━━ Provided material ━━

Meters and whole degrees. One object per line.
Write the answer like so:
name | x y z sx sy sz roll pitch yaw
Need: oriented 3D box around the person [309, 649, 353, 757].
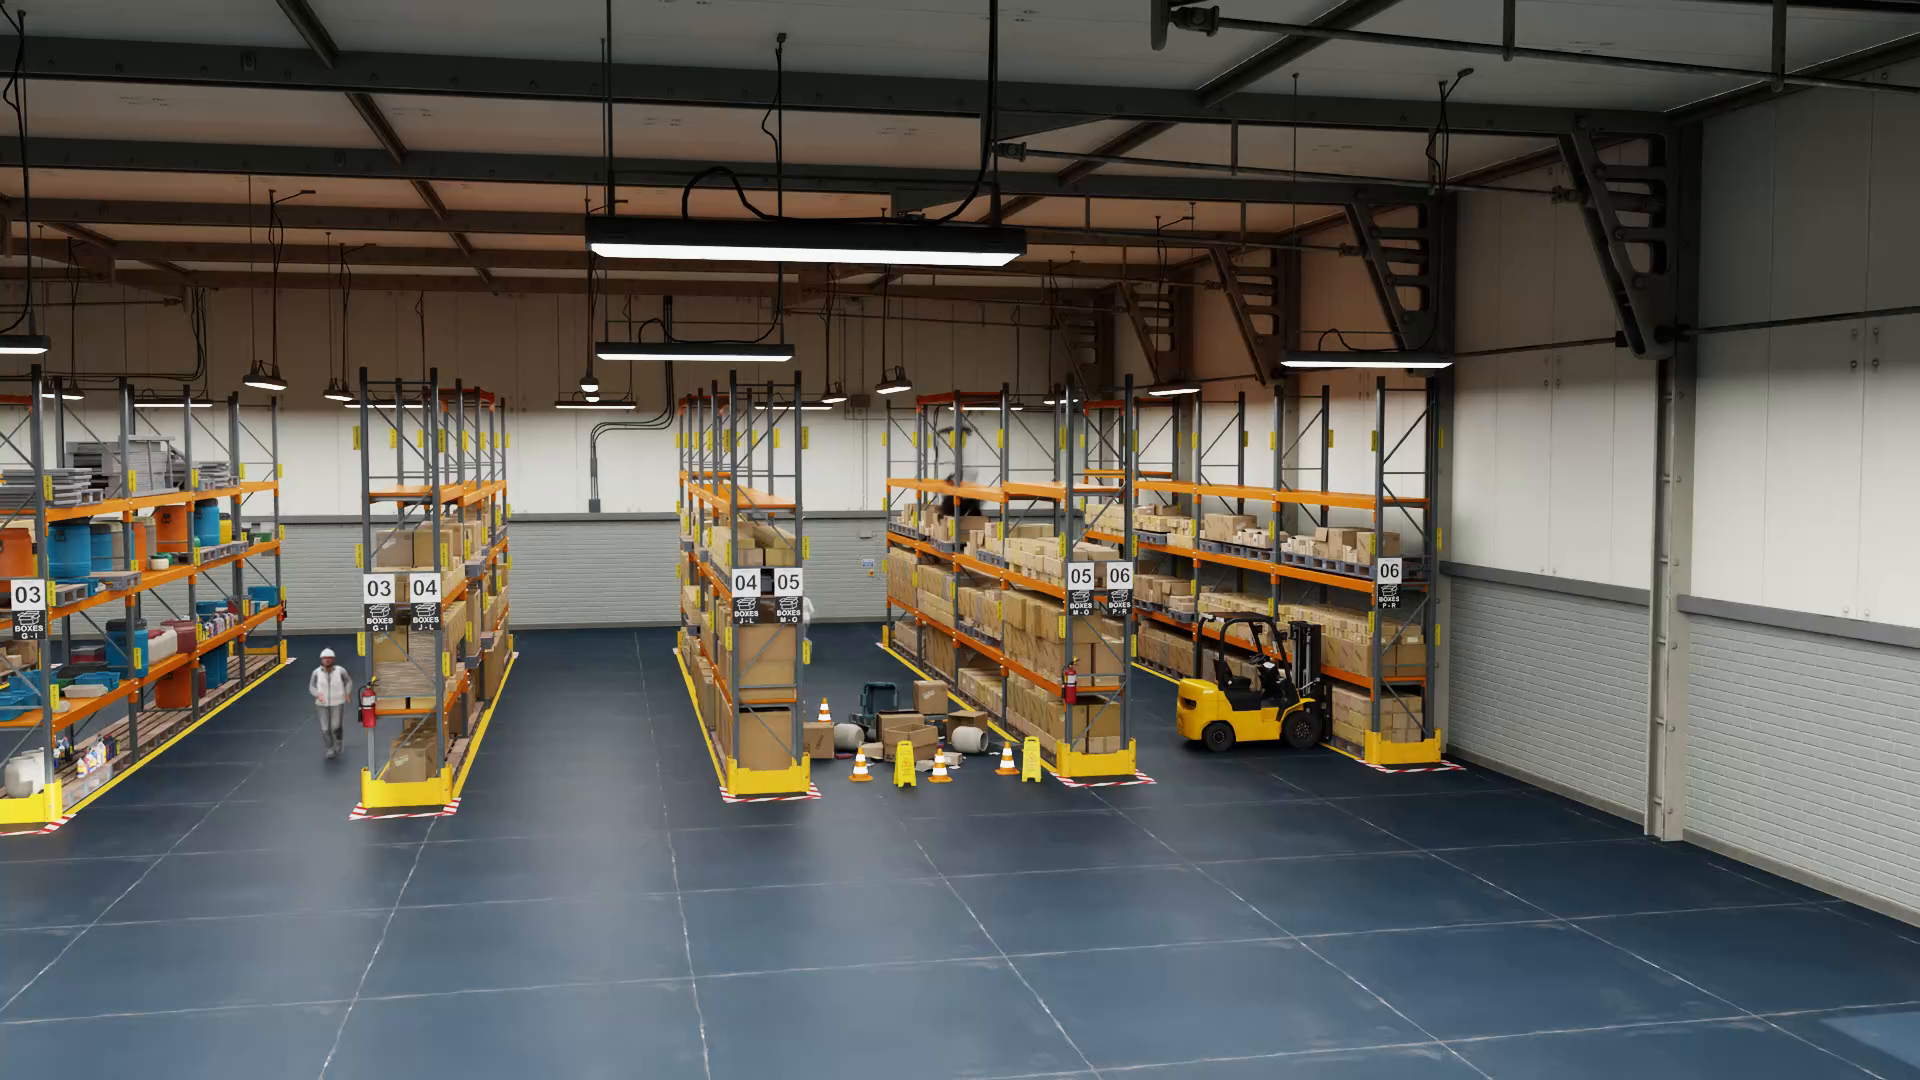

━━━

▶ **Task objective**:
Your answer must be exactly the lines from the one with "Write the answer" through the final line of the data, with no pictures in it.

▶ **Answer**:
Write the answer like so:
name | x y z sx sy sz roll pitch yaw
Need: oriented 3D box around the person [309, 649, 353, 757].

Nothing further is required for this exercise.